What you should do: Any picture in the data below gets skipped; print all the rest exactly.

Data segment:
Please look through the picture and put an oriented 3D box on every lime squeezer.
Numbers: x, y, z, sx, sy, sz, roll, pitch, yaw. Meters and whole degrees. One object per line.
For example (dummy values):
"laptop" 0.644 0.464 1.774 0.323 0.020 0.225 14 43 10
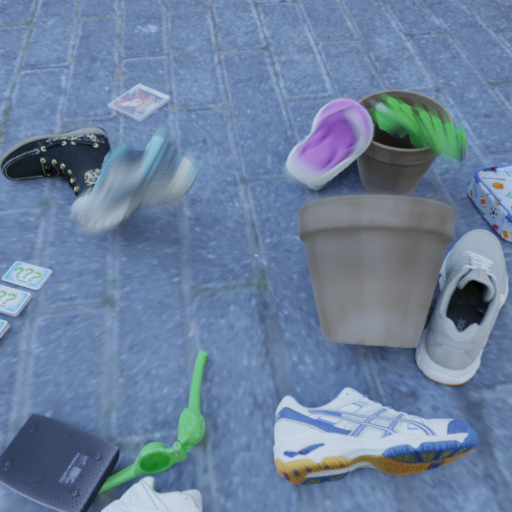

Exercise solution:
Please look through the picture and put an oriented 3D box on every lime squeezer.
Numbers: x, y, z, sx, sy, sz, roll, pitch, yaw. Meters and whole degrees. One object per line.
For example (dummy values):
"laptop" 0.644 0.464 1.774 0.323 0.020 0.225 14 43 10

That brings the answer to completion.